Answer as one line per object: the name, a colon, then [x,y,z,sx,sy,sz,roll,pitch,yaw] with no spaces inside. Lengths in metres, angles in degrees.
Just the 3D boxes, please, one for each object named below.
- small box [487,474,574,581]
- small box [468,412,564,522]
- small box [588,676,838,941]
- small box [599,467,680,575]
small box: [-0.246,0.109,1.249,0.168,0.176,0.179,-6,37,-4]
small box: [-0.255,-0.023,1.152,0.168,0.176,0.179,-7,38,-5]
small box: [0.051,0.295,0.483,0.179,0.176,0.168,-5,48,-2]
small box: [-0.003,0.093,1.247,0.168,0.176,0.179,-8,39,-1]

┄┄┄┄┄┄┄┄┄┄┄┄┄┄┄┄┄┄┄┄

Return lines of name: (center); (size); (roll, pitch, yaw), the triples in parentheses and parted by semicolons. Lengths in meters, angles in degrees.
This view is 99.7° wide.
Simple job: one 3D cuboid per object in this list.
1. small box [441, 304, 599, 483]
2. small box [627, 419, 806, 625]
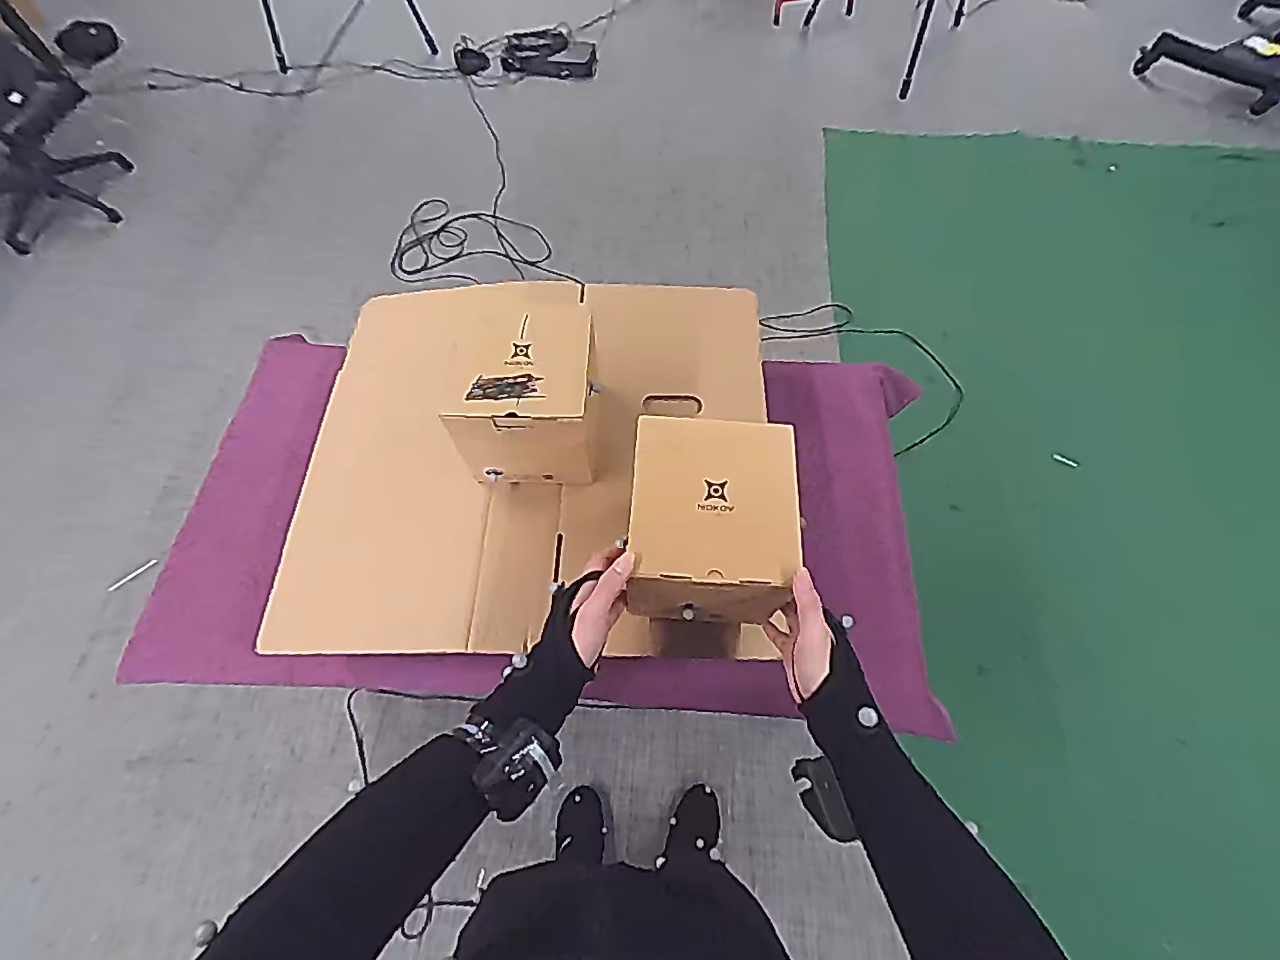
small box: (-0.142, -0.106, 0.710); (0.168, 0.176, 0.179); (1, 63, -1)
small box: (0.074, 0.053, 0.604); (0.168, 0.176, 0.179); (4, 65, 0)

┄┄┄┄┄┄┄┄┄┄┄┄┄┄┄┄┄┄┄┄

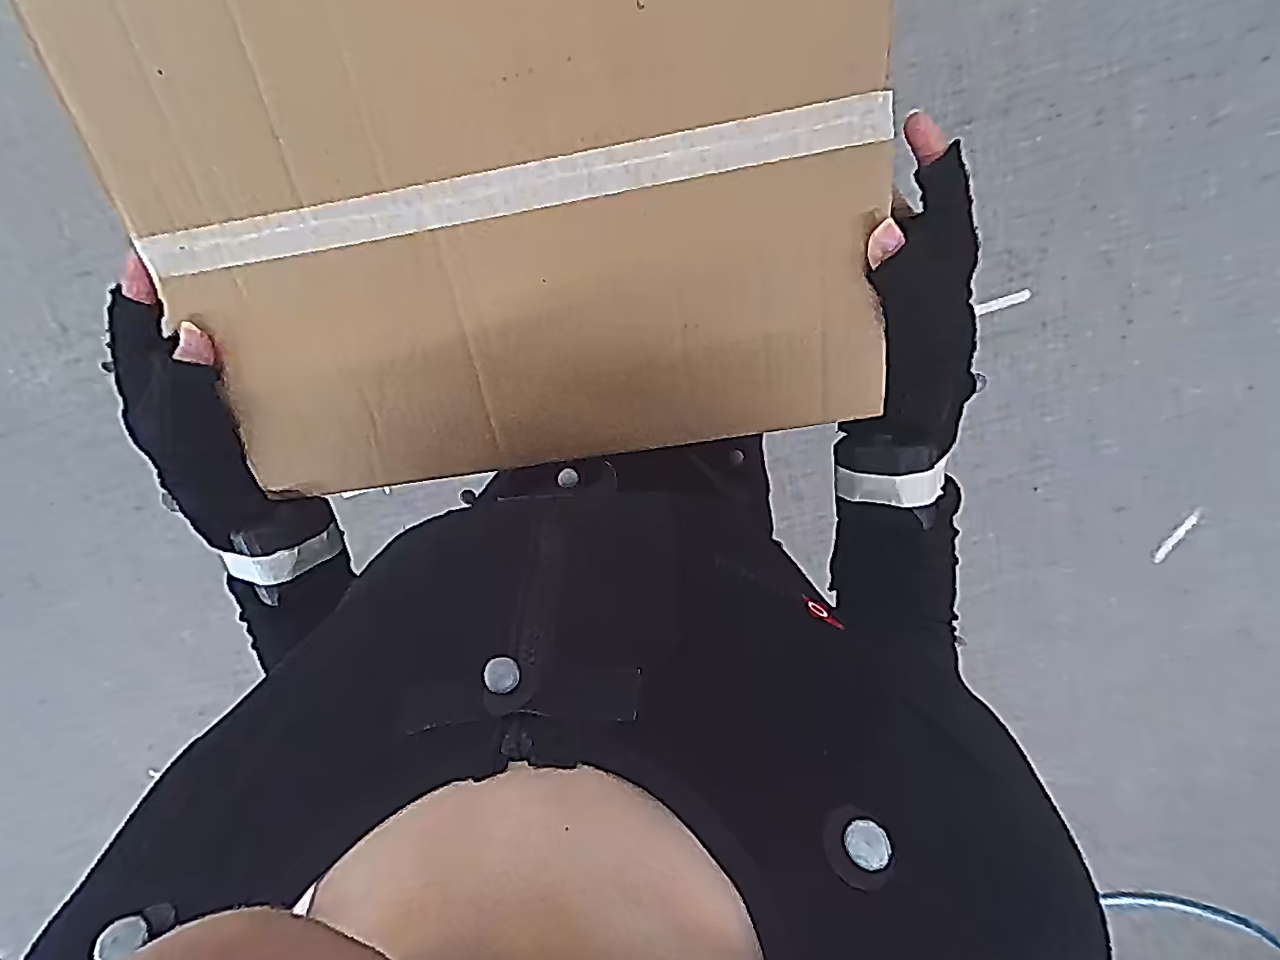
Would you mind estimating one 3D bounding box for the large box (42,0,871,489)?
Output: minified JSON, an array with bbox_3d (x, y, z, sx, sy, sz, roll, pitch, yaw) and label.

┄┄┄┄┄┄┄┄┄┄┄┄┄┄┄┄┄┄┄┄

Aim of the task:
Search the data for "angles". Copy every matching line.

Response for this exercise:
Answer as one line per object: the name, a colon, then [x,y,z,sx,sy,sz,roll,pitch,yaw] with no spaces inside. Lengths in metres, angles in degrees.
Return lines of name: (center); (size); (roll, pitch, yaw), the triples in parentheses and parted by semicolons. Lengths in meters, angles in degrees.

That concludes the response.